IQNA- Dini temalı filmlerin hala dünya çapında izleyicileri çekebileceğini düşünüyor musunuz?

-Kesinlile.  Örneğin Amerika Birleşik Devletleri'nde Evanjelik Hıristiyan filmlerine duyulan tutkunun ne kadar önemli olduğunu görmek için Tyler Perry'nin filmlerinin veya Alex Kendrick'in oldukça para kazandıran filmlerinin popülerliğine bakmanız yeterli. Dünyanın en çok hasılat yapan filmlerinin -Marvel'in süper kahraman filmleri- iyi ve kötü, toplum ve ona aidiyet, inanç ve kurtuluş temaları açısından oldukça manevi olduğu iddia ediliyor.

Dini sinema seyircinin yoğun ilgisiyle büyüyor

Haç Yolu (2014) filminin görünümü

2014 yapımı Haç İstasyonları filmini yapan yönetmen Dietrich Bruggeman, modern izleyiciler için manevi susuzluk hissini anlatıyor. Nasıl ki insanlar yoga, öz bakım, yemek yeme ve diğer bazı spor dallarında maneviyatlarını tatmin etmeye çalışıyorlarsa, filmlerde bunu yapmanın bir yolunu buluyorlar.

Dini sinema seyircinin yoğun ilgisiyle büyüyor

Elbette hem kültürel olarak (örneğin 2020 filmi An American Pickle'da Yahudiliği gösterirken) hem de ruhsal olarak dindar görünmek ve hissetmek konusunda kültürel bir merak var. Bu, dine karşı aşırı bir hayranlık olabilir.

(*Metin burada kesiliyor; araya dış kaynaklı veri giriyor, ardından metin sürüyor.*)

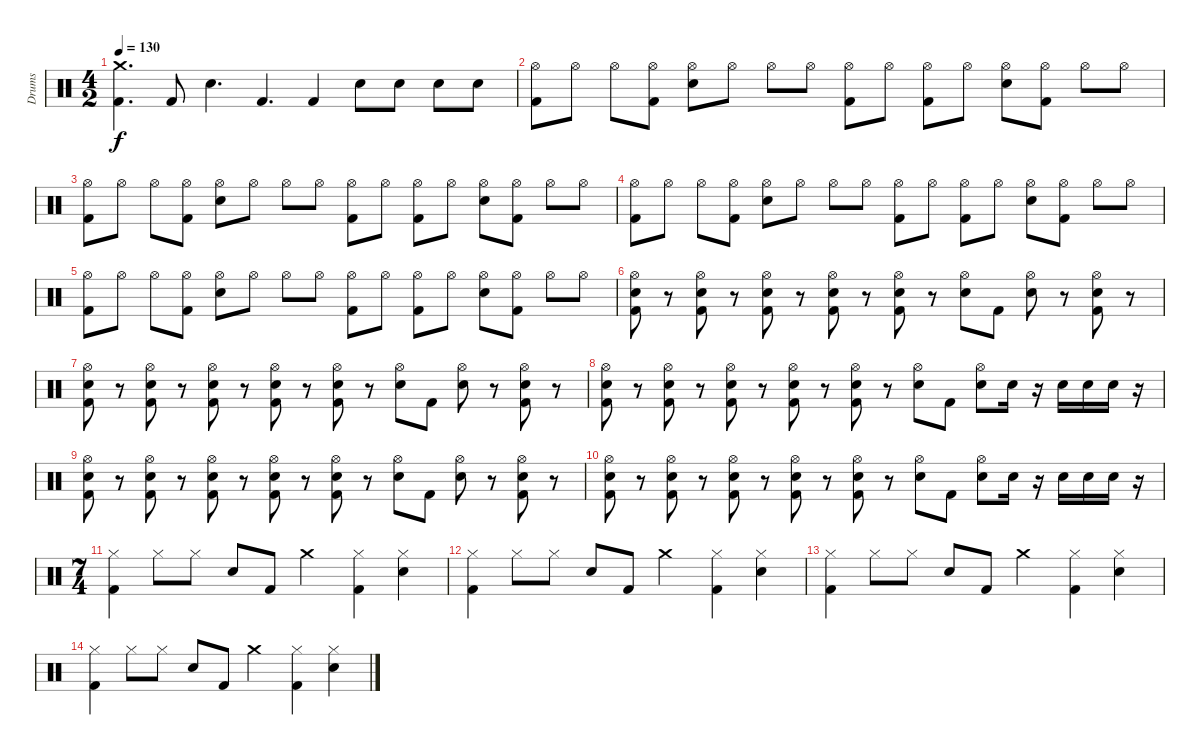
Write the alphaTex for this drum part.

IQNA- Sinema tarihinde, Hollywood'da Yahudilik ve Hristiyanlık ve bu dinlerle ilgili karakterler hakkında birçok film gördük. Dramatik özelliklerine rağmen Hollywood'da İslam ve İslami şahsiyetler hakkında kayda değer bir film yapılmamasının sebebi nedir?

- Bu sorunun cevabının kolay olduğundan emin değilim. Açıkça cevap, yatırım odaklı bir endüstri olan Hollywood'un (İslam örneğinde) böyle bir film için bir pazar olduğuna veya en azından filmin yatırıma değecek kadar büyük olduğuna inanmamasıdır.

Ancak öte yandan Hollywood tarihi, filmler yapan Yahudi göçmenlere ve sansür ve kapı bekçisi olarak hareket eden Hıristiyan kurumlarına bağlıdır. İslam'ın geleneksel olarak neyin gösterilebileceği ve neyin gösterilemeyeceği konusunda görsel konularla (peygamber resimlerinin gösterilmesine ilişkin kısıtlamalar) çok farklı ilişkileri olmuştur. Bence buna cevap bulmak için Amerika'nın kendi göç ve siyaset tarihine bakmak lazım!

IQNA - Hollywood sinemasında ve genel olarak Batı sinemasında Müslüman karakterler basmakalıp ve olumsuz olarak tasvir edilmektedir. Bunun nedeni nedir?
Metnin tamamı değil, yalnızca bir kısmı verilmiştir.